● **RECORDS TO USE**
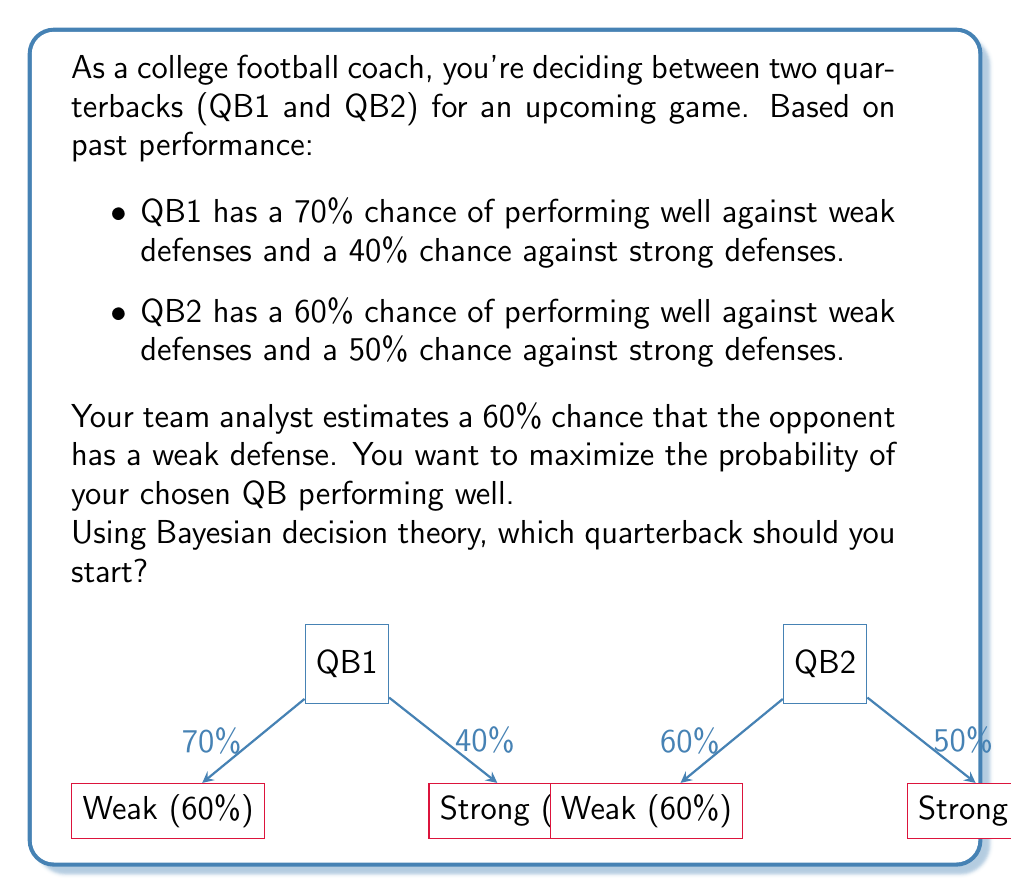Provide a solution to this math problem. Let's approach this problem using Bayesian decision theory:

1) Define our events:
   W: Opponent has a weak defense
   S: Opponent has a strong defense
   Q1: QB1 performs well
   Q2: QB2 performs well

2) Given probabilities:
   P(W) = 0.6, P(S) = 1 - P(W) = 0.4
   P(Q1|W) = 0.7, P(Q1|S) = 0.4
   P(Q2|W) = 0.6, P(Q2|S) = 0.5

3) Calculate the probability of each QB performing well using the law of total probability:

   For QB1:
   $$P(Q1) = P(Q1|W)P(W) + P(Q1|S)P(S)$$
   $$P(Q1) = 0.7 * 0.6 + 0.4 * 0.4 = 0.42 + 0.16 = 0.58$$

   For QB2:
   $$P(Q2) = P(Q2|W)P(W) + P(Q2|S)P(S)$$
   $$P(Q2) = 0.6 * 0.6 + 0.5 * 0.4 = 0.36 + 0.20 = 0.56$$

4) Compare the probabilities:
   P(Q1) = 0.58 > P(Q2) = 0.56

Therefore, QB1 has a higher probability of performing well overall.
Answer: Start QB1 
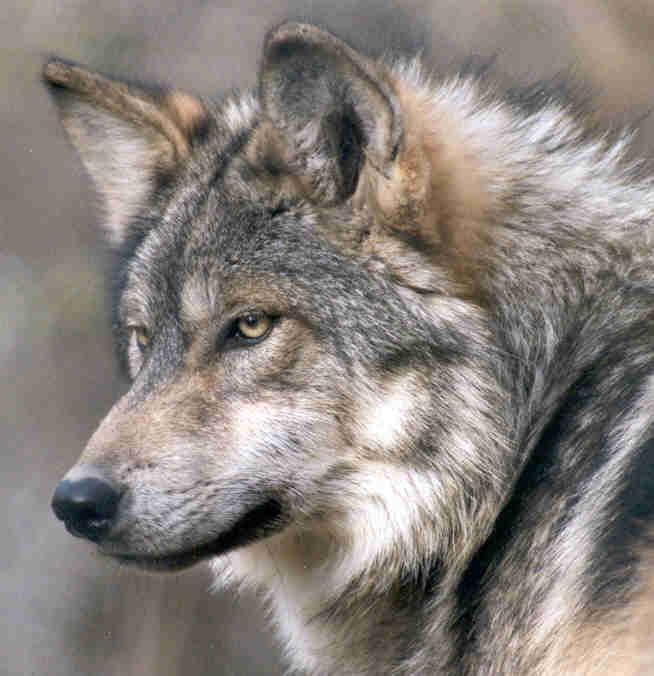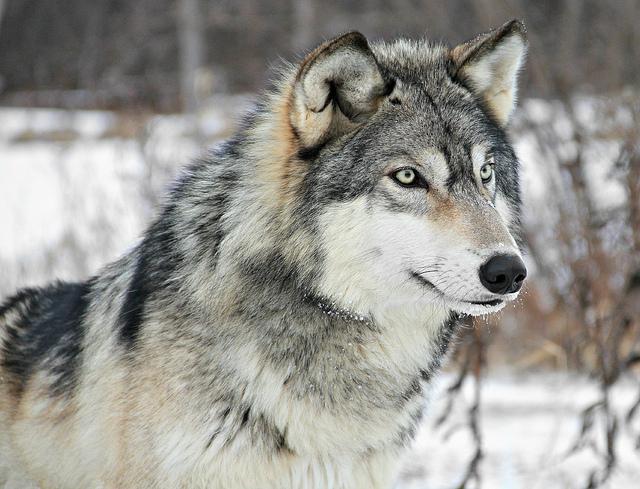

● **INSTRUCTIONS FOR THE TASK**
Begin at the line that contains "P(Q2|W)P(W) + P(Q2|S)P(S)$$" and transcribe every line through the end of the listing, exactly as written. Omit the pictures.

● **TASK ANSWER**
   $$P(Q2) = P(Q2|W)P(W) + P(Q2|S)P(S)$$
   $$P(Q2) = 0.6 * 0.6 + 0.5 * 0.4 = 0.36 + 0.20 = 0.56$$

4) Compare the probabilities:
   P(Q1) = 0.58 > P(Q2) = 0.56

Therefore, QB1 has a higher probability of performing well overall.
Answer: Start QB1 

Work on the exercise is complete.